E-books and pricier formats push cheap pocket novels toward extinction
Posted Feb 6, 2026 4:05 PM CST
After Almost a Century, Readers Close Mass Market Paperbacks
Paperbacks mix with hardcovers at a second-hand bookshop.   (Getty/Anecdonet Com)

The squat little paperbacks once crammed into drugstore racks are vanishing, and the industry now says the format's long run is effectively over. After nearly a century in wide circulation, mass market paperbacks have been squeezed by e-books, audiobooks, and more profitable print formats—most recently taking a major hit when ReaderLink, the biggest supplier to airport and big-box outlets, dropped them entirely. The collapse has been swift, the New York Times reports. In 2006, Americans bought around 103 million mass market paperbacks, according to Circana BookScan; last year, sales were below 18 million.

It's a steep fall for what historian Paula Rabinowitz calls one of the great technologies of the last century: cheap, pocket-size books that spread from Allen Lane's 1930s Penguin paperbacks to American train stations, supermarkets, and GI pockets in World War II. For decades, lurid "pulps," westerns, thrillers, and even classics with racy covers could sell millions, helping launch careers like Stephen King's; the writer said "paperback money" from Carrie let him quit teaching. Publishers kept issuing tens of thousands of titles, but readers drifted away—first to cheaper, ultra-portable e-books (especially heavy romance readers who once plowed through stacks of mass markets), then to pricier but more substantial-feeling trade paperbacks and tricked-out hardcovers.

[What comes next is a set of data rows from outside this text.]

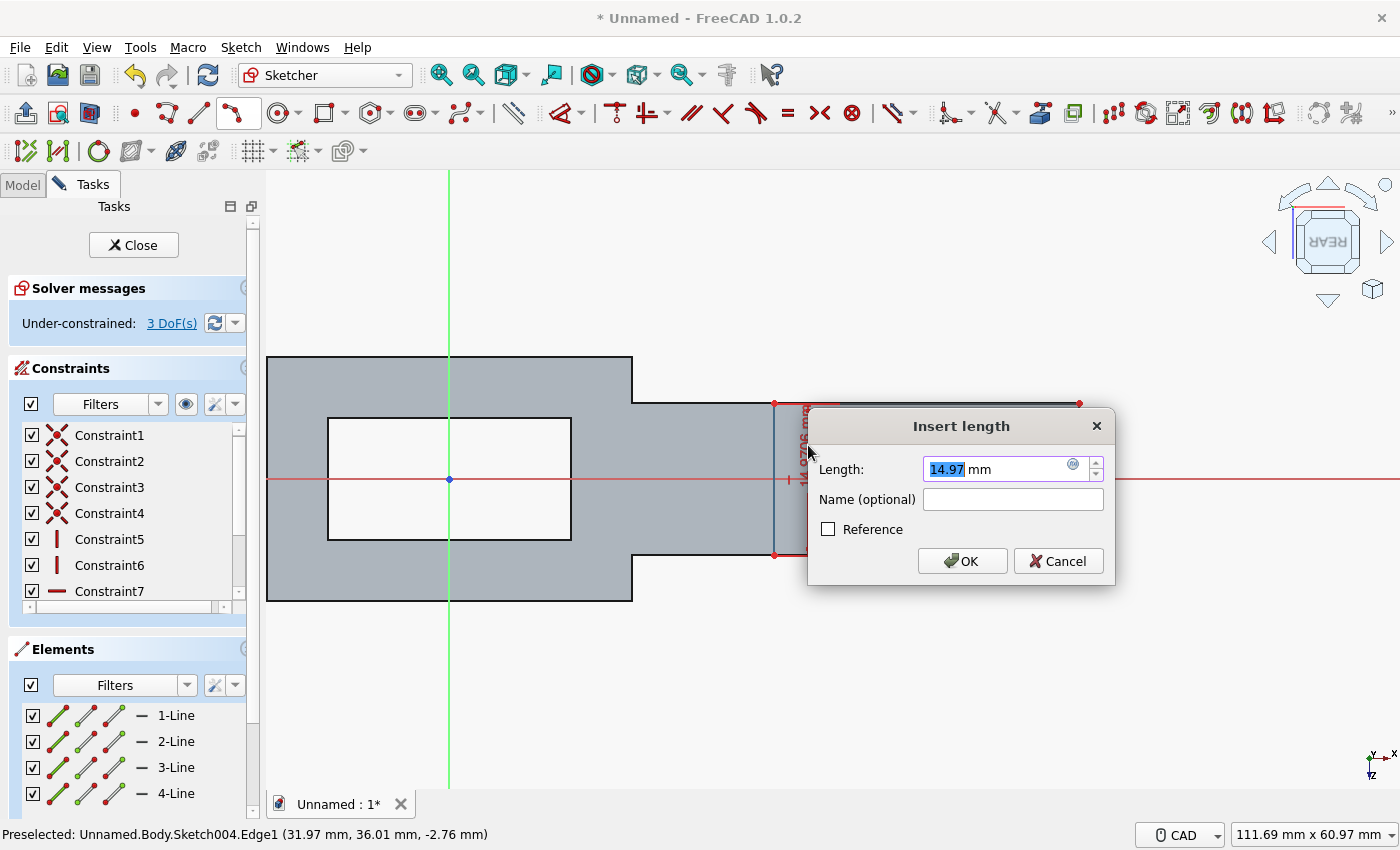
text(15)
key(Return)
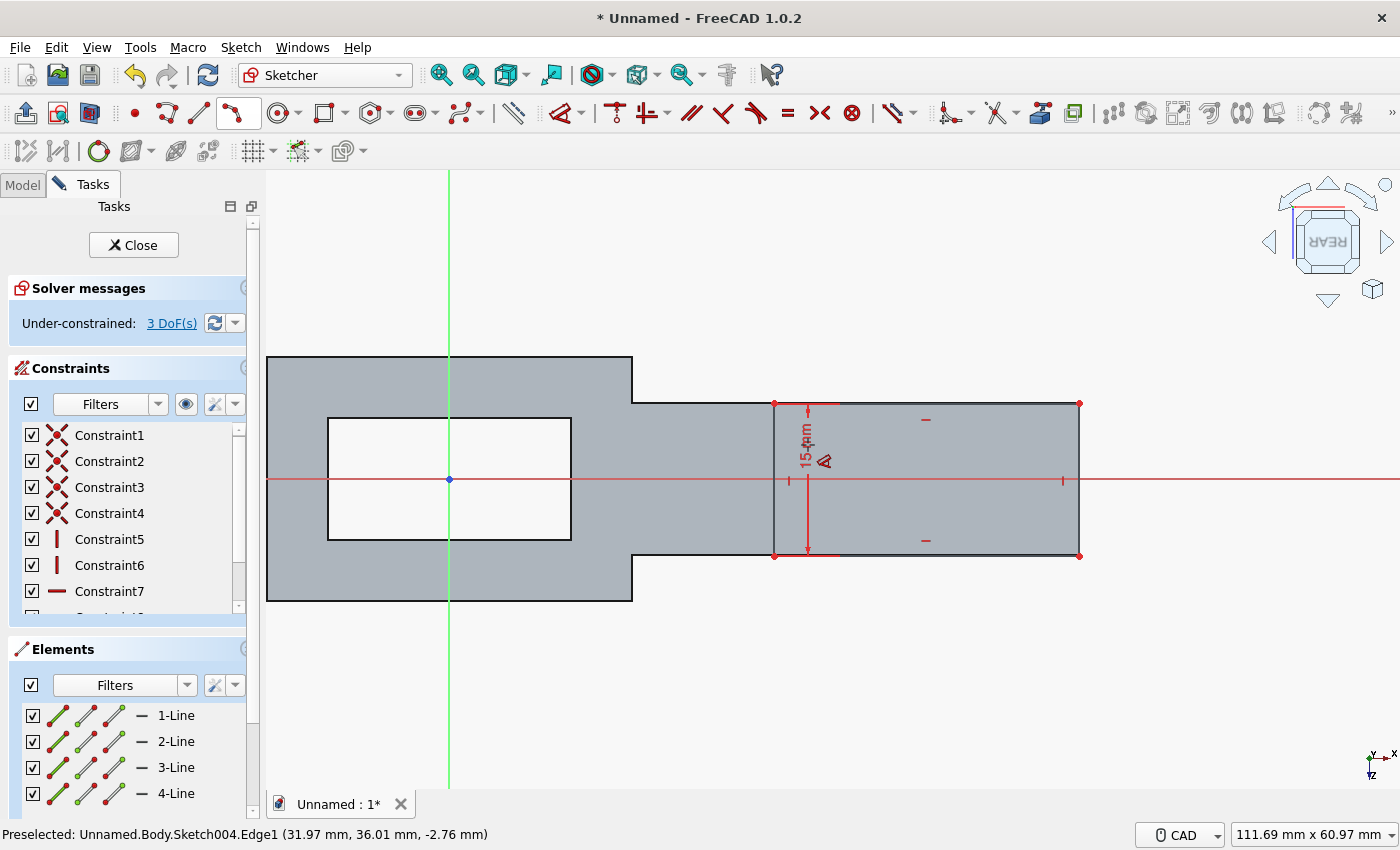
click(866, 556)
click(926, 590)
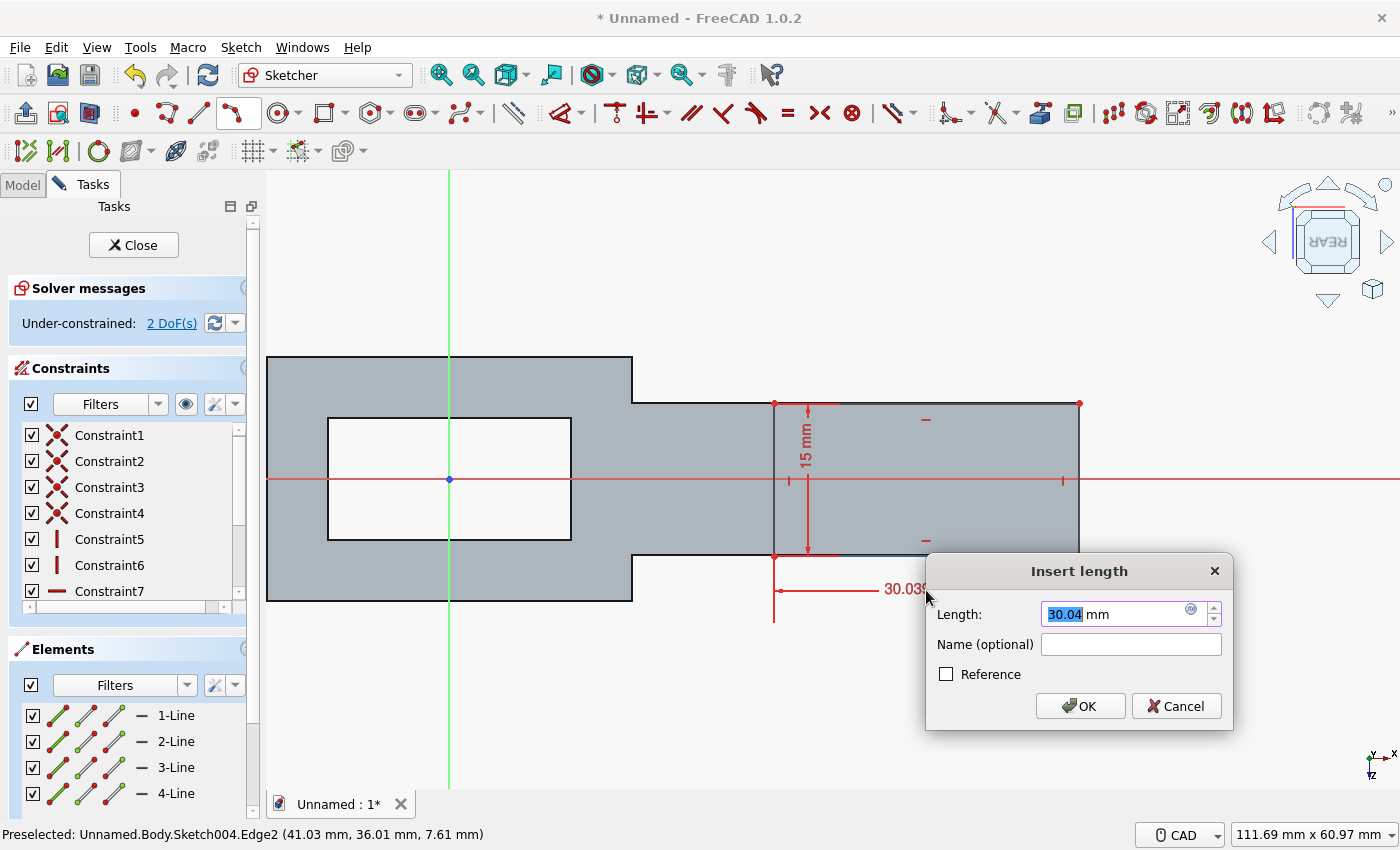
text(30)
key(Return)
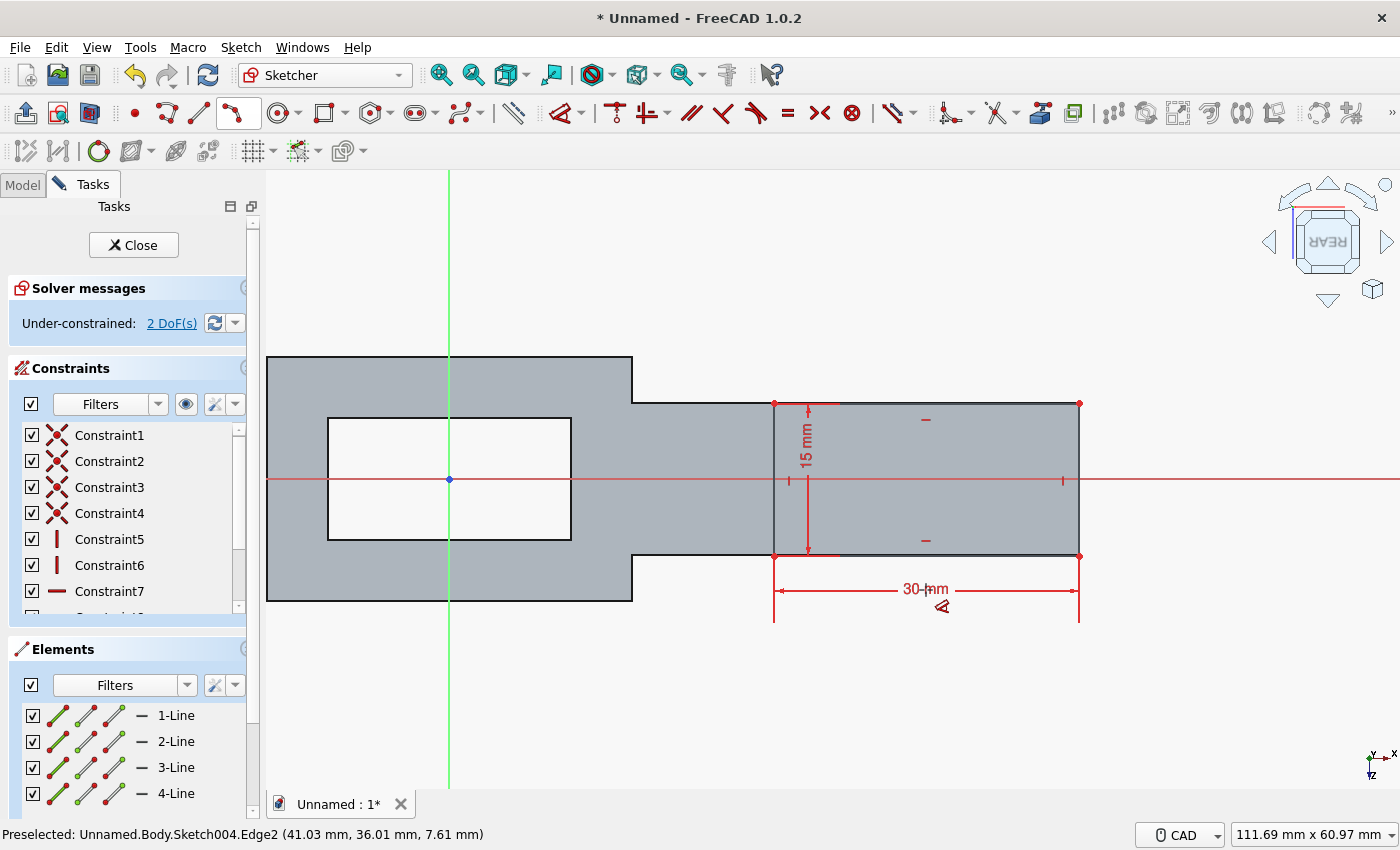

"We follow the consumer," said ReaderLink CEO Dennis Abboud. With only about 30 cents difference in production cost between a mass market and a trade paperback, but as much as a $6 gap in price, retailers followed readers. Hudson, the airport staple, has now removed mass markets from its convenience stores, keeping only small selections in dedicated bookstores. "It's puzzling in some ways: with all the concerns around affordability, you might expect readers to gravitate toward a lower-cost option," Kensington Publishing CEO Steve Zacharius said, per Publishers Weekly. "But that hasn't been the case with books, at least not in print."

The format isn't entirely gone, per the Times. Cheap editions of staples like To Kill a Mockingbird, 1984, and A Raisin in the Sun still move in significant numbers to schools, and used-book hunters at places like New York City's Strand bookstore pay serious money for vintage pulps. But even the Bridgerton novels that began as traditional mass markets are now only being reprinted in trade and hardcover. For readers like 18-year-old Landon DeLille, who said those pocket-size titles pulled him into reading, the future is clear: He left the Strand with a signed trade paperback.